Although the hydrocracking can be carried out in a variety of known reactors of either up or downflow, it is particularly well suited to a tubular reactor through which feed and gas move upwardly. The effluent from the top is preferably separated in a hot separator and the gaseous stream from the hot separator can be fed to a low temperature, high pressure separator where it is separated into a gaseous stream containing hydrogen and less amounts of gaseous hydrocarbons and liquid product stream containing light oil product.
A variety of additive particles can be used in the process of the invention, provided these particles are able to survive the hydrocracking process and remain effective as part of the recycle. As examples of such additive particles, there may be mentioned coal, iron-coal, fly ash, pyrite, other iron compounds, etc. These are used preferably in small particle sizes of less than 45 μm and it is important for use in this invention that the additive particles not be active hydrogenation catalysts. Another range of possible additives derive from the fine material native to mined bitumen which has been shown to be moderately effective in the coke suppression.

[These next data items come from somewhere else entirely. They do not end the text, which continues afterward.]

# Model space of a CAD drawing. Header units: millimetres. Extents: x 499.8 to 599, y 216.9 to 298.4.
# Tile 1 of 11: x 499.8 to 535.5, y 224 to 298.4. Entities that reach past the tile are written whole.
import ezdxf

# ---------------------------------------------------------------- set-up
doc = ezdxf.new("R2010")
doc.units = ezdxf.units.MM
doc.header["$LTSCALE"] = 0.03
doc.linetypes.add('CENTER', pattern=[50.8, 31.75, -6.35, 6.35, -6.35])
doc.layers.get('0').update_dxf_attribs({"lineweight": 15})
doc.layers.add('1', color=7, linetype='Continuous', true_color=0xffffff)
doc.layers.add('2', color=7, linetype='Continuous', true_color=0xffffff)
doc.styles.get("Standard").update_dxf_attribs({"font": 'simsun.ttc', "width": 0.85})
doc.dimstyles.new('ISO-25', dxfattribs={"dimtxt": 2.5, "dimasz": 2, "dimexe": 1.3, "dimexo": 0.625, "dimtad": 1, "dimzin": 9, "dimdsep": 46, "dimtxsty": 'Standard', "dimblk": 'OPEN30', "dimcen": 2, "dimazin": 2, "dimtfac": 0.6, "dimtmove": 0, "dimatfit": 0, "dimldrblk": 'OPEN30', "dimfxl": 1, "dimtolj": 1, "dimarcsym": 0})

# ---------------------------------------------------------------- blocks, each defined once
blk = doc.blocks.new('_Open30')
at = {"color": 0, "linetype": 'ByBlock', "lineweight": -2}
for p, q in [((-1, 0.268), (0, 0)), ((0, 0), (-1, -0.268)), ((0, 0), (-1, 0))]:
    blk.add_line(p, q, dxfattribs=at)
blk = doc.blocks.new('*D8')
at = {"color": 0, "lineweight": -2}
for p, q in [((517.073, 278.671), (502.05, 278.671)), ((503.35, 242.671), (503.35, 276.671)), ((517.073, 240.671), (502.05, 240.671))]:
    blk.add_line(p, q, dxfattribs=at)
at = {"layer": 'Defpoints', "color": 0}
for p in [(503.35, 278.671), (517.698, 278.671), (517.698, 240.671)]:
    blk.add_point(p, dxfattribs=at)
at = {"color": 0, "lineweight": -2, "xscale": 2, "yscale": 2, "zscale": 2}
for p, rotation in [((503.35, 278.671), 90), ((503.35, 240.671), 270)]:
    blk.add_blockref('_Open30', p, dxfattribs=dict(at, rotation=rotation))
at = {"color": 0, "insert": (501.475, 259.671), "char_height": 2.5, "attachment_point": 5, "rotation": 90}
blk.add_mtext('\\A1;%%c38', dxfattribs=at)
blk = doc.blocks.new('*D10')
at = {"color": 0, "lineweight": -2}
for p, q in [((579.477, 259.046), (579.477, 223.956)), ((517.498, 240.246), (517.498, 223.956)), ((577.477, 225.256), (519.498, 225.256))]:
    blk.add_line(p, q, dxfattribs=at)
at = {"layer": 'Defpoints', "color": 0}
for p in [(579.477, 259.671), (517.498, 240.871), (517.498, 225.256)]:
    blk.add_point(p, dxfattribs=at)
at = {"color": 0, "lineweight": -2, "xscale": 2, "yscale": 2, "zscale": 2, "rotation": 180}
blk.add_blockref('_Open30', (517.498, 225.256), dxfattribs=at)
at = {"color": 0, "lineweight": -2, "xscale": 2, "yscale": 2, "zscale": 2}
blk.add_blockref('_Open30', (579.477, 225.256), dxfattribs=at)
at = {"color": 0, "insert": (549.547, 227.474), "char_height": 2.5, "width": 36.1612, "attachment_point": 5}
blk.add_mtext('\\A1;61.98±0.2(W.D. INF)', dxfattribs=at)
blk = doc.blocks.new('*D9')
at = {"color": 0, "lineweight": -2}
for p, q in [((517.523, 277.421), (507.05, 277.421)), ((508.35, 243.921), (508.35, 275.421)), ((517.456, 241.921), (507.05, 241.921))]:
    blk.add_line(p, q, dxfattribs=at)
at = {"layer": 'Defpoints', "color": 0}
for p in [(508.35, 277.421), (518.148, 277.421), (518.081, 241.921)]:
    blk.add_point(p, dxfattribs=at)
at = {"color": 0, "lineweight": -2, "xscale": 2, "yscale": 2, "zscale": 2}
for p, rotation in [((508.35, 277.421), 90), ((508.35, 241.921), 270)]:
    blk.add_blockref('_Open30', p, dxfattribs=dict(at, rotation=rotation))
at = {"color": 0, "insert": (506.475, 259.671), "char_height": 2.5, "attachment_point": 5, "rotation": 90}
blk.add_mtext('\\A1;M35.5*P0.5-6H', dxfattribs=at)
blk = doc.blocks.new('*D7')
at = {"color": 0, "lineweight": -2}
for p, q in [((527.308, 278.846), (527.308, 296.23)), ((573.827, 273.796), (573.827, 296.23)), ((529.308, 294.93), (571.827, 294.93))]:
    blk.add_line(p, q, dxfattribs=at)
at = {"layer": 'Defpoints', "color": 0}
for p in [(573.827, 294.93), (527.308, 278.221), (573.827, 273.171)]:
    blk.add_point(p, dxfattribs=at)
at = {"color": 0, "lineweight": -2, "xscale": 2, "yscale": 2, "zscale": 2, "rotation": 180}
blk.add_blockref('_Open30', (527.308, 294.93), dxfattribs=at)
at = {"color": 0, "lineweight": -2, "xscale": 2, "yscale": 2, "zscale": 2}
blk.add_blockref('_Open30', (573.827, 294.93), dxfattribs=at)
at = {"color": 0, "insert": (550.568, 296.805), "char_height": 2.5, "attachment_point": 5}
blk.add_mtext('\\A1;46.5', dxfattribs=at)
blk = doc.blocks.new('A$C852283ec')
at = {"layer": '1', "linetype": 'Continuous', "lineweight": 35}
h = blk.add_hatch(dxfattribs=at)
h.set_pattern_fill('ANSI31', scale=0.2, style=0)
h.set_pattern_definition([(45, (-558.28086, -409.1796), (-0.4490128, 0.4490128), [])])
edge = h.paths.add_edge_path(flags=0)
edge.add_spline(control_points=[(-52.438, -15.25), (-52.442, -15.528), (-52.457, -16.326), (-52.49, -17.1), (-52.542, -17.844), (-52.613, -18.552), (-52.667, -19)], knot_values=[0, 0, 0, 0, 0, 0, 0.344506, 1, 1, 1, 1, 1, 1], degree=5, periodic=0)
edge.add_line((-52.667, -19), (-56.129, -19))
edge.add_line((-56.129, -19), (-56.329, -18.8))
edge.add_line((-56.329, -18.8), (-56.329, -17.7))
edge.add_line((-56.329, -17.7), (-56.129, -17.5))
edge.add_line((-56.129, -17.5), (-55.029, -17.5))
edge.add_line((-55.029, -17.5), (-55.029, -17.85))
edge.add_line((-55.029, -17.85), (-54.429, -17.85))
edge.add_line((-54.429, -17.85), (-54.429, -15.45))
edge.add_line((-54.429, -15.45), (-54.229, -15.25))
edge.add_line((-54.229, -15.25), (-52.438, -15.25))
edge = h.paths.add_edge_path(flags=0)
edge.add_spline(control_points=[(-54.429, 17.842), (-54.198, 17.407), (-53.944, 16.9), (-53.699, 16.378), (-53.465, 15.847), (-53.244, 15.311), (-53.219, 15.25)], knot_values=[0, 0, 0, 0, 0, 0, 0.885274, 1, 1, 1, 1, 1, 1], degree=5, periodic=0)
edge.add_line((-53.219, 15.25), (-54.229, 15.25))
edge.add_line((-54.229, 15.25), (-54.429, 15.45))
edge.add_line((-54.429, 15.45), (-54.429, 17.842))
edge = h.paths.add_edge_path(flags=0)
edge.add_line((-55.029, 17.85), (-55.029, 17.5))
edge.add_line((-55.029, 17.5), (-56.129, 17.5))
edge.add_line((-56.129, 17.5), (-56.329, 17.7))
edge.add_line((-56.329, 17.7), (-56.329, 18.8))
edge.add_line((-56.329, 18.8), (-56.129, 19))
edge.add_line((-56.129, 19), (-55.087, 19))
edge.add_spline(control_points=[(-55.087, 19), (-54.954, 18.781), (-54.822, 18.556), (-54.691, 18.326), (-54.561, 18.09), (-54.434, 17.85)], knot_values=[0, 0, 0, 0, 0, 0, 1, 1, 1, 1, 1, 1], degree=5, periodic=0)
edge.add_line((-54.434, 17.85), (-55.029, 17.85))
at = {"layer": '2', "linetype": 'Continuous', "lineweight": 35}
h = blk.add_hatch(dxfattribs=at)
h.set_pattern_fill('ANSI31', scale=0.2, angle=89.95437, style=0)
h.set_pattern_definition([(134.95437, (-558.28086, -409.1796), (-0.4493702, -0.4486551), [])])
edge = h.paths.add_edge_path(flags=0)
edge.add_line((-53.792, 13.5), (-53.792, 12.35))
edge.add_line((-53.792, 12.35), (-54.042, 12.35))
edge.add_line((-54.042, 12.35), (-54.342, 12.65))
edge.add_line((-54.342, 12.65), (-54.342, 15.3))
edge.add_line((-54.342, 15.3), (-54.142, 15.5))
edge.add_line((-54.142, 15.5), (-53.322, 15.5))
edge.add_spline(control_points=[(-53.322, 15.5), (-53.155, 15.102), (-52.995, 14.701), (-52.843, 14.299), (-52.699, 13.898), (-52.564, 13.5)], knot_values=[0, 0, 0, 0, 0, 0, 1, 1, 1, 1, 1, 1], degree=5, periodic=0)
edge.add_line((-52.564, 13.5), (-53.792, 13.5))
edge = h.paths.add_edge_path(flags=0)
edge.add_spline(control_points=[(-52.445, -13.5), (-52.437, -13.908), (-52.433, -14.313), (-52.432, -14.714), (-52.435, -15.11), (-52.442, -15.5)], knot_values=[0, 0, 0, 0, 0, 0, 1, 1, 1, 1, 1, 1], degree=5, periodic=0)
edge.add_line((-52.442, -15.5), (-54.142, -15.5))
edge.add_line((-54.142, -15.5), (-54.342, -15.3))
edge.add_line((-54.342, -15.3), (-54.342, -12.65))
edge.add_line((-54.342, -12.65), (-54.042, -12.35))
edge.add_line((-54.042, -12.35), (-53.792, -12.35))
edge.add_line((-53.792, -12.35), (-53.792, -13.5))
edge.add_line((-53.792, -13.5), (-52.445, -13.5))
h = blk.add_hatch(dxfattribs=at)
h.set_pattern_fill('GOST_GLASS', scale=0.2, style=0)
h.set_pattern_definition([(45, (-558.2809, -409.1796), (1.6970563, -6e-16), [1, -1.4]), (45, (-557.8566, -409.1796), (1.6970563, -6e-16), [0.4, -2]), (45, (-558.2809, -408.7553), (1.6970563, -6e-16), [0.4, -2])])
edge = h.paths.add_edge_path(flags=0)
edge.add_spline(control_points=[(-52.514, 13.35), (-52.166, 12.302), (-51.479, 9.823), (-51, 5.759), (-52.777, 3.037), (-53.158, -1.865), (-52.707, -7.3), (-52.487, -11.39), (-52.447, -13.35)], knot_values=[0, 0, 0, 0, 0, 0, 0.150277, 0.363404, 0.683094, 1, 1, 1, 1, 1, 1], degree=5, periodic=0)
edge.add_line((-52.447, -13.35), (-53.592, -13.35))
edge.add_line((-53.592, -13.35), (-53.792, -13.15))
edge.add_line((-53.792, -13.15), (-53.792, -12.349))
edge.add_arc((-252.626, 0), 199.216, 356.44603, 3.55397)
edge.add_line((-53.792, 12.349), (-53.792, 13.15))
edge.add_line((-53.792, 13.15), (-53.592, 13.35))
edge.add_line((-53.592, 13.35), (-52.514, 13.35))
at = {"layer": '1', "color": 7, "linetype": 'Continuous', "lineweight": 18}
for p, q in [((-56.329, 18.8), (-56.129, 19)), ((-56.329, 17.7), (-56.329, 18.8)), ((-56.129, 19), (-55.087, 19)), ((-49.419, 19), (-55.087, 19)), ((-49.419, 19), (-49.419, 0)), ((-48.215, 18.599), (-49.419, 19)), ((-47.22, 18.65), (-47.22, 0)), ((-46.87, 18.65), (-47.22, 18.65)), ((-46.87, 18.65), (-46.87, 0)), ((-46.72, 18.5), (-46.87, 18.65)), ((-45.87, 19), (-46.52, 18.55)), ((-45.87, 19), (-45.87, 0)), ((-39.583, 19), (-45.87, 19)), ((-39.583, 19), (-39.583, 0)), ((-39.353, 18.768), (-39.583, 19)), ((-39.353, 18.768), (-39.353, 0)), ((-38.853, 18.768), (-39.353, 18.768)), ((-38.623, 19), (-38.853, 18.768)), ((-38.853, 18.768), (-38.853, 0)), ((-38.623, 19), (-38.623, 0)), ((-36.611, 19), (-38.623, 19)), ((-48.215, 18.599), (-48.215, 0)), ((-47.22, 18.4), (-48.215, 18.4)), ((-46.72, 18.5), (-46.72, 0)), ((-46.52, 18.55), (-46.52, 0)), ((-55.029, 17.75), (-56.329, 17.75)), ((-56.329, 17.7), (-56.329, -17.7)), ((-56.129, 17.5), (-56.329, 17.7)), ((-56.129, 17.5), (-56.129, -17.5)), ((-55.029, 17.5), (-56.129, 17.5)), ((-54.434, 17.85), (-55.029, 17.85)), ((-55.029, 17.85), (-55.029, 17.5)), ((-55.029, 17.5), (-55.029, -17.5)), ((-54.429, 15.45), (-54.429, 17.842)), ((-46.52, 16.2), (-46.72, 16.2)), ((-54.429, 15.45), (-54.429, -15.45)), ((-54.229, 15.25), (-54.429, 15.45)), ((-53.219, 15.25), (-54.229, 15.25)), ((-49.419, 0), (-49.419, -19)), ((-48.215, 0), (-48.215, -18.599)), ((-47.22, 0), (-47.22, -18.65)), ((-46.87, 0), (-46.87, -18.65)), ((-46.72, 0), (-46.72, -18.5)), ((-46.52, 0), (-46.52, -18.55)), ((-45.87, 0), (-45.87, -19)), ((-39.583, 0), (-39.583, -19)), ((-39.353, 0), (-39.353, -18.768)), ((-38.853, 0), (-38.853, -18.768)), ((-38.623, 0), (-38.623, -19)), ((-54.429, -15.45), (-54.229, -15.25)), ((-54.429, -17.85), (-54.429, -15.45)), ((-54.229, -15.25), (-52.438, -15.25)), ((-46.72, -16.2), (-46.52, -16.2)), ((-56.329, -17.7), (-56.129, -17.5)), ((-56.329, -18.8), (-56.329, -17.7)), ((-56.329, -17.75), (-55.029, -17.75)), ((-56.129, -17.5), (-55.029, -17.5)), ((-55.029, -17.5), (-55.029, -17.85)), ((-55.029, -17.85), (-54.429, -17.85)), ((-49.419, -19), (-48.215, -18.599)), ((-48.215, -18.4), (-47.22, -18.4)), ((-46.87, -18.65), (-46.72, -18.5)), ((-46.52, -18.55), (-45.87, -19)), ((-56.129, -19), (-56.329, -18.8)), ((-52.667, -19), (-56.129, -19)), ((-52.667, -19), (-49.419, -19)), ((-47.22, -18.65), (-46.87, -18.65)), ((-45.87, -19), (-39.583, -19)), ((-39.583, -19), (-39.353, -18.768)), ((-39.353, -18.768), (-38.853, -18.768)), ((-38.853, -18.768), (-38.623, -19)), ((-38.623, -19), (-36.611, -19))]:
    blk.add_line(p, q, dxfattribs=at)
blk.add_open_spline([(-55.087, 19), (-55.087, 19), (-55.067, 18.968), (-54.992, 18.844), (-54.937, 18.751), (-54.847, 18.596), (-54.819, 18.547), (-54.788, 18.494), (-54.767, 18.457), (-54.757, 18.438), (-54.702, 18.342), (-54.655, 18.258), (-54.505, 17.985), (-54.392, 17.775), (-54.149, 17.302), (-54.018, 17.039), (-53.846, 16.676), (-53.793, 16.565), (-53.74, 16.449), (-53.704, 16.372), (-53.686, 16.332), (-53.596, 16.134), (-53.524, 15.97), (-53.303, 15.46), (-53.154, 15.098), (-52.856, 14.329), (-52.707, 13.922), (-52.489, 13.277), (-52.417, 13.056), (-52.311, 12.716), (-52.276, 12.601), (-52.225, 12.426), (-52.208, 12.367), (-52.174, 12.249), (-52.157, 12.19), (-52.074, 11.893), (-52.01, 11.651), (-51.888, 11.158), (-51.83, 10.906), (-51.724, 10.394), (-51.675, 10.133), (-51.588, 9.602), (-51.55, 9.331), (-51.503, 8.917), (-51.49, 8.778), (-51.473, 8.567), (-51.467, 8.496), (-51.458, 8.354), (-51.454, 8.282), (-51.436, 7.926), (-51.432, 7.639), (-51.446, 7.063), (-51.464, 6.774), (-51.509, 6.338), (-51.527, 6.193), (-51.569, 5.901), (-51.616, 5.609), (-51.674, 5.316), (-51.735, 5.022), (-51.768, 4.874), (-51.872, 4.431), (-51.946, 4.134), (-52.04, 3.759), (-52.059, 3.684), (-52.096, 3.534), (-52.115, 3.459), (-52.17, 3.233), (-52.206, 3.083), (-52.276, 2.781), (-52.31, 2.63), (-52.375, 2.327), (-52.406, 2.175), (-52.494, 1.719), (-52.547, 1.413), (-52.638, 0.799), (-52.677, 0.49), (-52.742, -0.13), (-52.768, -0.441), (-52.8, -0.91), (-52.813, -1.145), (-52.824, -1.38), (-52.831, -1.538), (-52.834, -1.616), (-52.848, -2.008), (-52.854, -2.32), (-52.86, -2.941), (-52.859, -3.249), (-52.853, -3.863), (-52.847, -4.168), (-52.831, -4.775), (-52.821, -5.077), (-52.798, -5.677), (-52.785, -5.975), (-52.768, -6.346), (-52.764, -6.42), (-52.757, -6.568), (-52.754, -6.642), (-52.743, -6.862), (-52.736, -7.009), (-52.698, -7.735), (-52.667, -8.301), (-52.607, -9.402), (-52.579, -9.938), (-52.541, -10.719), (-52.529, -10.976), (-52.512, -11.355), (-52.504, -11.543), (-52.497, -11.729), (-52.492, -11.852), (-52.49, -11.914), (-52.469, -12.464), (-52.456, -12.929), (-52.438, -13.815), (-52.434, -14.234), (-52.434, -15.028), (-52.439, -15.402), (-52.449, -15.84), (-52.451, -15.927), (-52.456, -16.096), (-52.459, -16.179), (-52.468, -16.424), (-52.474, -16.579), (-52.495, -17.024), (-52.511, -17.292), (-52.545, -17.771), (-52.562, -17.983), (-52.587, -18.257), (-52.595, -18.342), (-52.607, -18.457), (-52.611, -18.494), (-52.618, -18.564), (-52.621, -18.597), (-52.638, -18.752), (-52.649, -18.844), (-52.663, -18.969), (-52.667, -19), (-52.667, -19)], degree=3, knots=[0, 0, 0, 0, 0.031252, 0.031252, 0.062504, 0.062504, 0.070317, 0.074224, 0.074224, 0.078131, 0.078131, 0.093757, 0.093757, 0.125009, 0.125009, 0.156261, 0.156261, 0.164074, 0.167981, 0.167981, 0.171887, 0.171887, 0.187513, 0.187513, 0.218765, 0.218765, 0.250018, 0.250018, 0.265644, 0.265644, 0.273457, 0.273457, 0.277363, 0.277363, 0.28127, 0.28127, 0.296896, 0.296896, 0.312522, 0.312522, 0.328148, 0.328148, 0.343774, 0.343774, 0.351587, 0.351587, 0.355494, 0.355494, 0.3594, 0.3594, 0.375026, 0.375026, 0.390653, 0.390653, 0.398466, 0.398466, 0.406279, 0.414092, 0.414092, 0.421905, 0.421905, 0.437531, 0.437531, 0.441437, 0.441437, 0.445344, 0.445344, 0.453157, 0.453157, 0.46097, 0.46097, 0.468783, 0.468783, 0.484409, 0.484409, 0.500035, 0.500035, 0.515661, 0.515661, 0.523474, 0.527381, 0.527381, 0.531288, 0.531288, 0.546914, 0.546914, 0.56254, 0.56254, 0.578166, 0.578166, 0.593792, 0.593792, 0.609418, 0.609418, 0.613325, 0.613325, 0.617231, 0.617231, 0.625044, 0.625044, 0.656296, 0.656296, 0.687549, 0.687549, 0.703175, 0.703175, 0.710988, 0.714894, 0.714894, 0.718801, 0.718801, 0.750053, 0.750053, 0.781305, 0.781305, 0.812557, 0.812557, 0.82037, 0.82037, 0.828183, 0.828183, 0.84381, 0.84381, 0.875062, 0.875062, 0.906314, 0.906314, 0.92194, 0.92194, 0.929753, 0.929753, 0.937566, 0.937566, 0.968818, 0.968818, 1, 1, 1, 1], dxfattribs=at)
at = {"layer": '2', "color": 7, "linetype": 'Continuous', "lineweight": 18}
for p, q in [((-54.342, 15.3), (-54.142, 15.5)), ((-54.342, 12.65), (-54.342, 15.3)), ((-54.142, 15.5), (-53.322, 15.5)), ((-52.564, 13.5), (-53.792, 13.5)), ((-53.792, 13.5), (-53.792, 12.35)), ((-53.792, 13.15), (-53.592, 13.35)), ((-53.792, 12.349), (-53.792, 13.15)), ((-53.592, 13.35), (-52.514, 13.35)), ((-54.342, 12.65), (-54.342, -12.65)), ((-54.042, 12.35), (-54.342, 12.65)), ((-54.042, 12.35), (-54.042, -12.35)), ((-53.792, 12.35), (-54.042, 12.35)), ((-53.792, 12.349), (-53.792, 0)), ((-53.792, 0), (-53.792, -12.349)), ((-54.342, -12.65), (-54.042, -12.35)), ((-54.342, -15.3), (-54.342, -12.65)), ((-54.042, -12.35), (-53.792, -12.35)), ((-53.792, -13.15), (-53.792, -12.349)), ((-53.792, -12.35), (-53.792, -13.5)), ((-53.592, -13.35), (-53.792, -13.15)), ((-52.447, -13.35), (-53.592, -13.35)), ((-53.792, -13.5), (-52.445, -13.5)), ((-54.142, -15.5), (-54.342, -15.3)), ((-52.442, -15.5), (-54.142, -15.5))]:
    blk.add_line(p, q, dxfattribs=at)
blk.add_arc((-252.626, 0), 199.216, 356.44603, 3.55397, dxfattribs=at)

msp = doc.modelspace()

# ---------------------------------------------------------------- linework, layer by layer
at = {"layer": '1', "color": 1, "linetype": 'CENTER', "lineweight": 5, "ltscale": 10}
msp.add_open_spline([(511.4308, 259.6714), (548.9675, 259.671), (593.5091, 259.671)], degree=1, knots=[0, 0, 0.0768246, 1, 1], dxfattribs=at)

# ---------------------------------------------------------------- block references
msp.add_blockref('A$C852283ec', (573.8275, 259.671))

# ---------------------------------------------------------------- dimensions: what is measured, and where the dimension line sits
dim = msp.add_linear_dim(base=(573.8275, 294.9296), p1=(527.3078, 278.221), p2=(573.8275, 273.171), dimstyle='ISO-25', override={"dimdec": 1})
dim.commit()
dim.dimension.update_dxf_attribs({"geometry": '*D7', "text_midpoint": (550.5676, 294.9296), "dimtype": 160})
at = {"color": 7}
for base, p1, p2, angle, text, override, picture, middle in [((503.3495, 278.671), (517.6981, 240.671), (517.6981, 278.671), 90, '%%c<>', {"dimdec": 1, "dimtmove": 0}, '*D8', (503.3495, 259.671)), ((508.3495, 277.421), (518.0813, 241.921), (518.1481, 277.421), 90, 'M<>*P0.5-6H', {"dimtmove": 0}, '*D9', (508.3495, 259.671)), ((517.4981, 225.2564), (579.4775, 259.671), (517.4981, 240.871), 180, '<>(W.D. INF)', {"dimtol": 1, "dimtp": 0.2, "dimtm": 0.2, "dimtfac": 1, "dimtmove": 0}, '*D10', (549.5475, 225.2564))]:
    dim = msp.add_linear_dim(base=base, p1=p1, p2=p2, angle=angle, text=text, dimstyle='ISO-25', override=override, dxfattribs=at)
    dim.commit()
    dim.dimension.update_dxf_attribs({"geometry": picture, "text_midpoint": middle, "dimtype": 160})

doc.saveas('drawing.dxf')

According to a preferred embodiment, the additive particles are mixed with a heavy hydrocarbon oil feed and pumped along with hydrogen through a vertical reactor. The liquid-gas mixture from the top of the hydrocracking zone can be separated in a number of different ways. One possibility is to separate the liquid-gas mixture in a hot separator kept at a temperature in the range of about 200°-470° C. and at the pressure of the hydrocracking reaction. A portion of the heavy hydrocarbon oil product from the hot separator is used to form the recycle stream of the present invention after secondary treatment. Thus, the portion of the heavy hydrocarbon oil product from the hot separator being used for recycle is fractionated in a distillation column with a heavy liquid or pitch stream being obtained which boils above 450° C. This pitch stream preferably boils above 495° C. with a pitch boiling above 524° C. being particularly preferred. This pitch stream is then recycled back to form part of the feed slurry to the hydrocracking zone. An aromatic gas oil fraction boiling above 400° C. is also removed from the distillation column and it is recycled back to form part of the feedstock to the hydrocracking zone for the purpose of controlling the ratio of polar aromatics to asphaltenes.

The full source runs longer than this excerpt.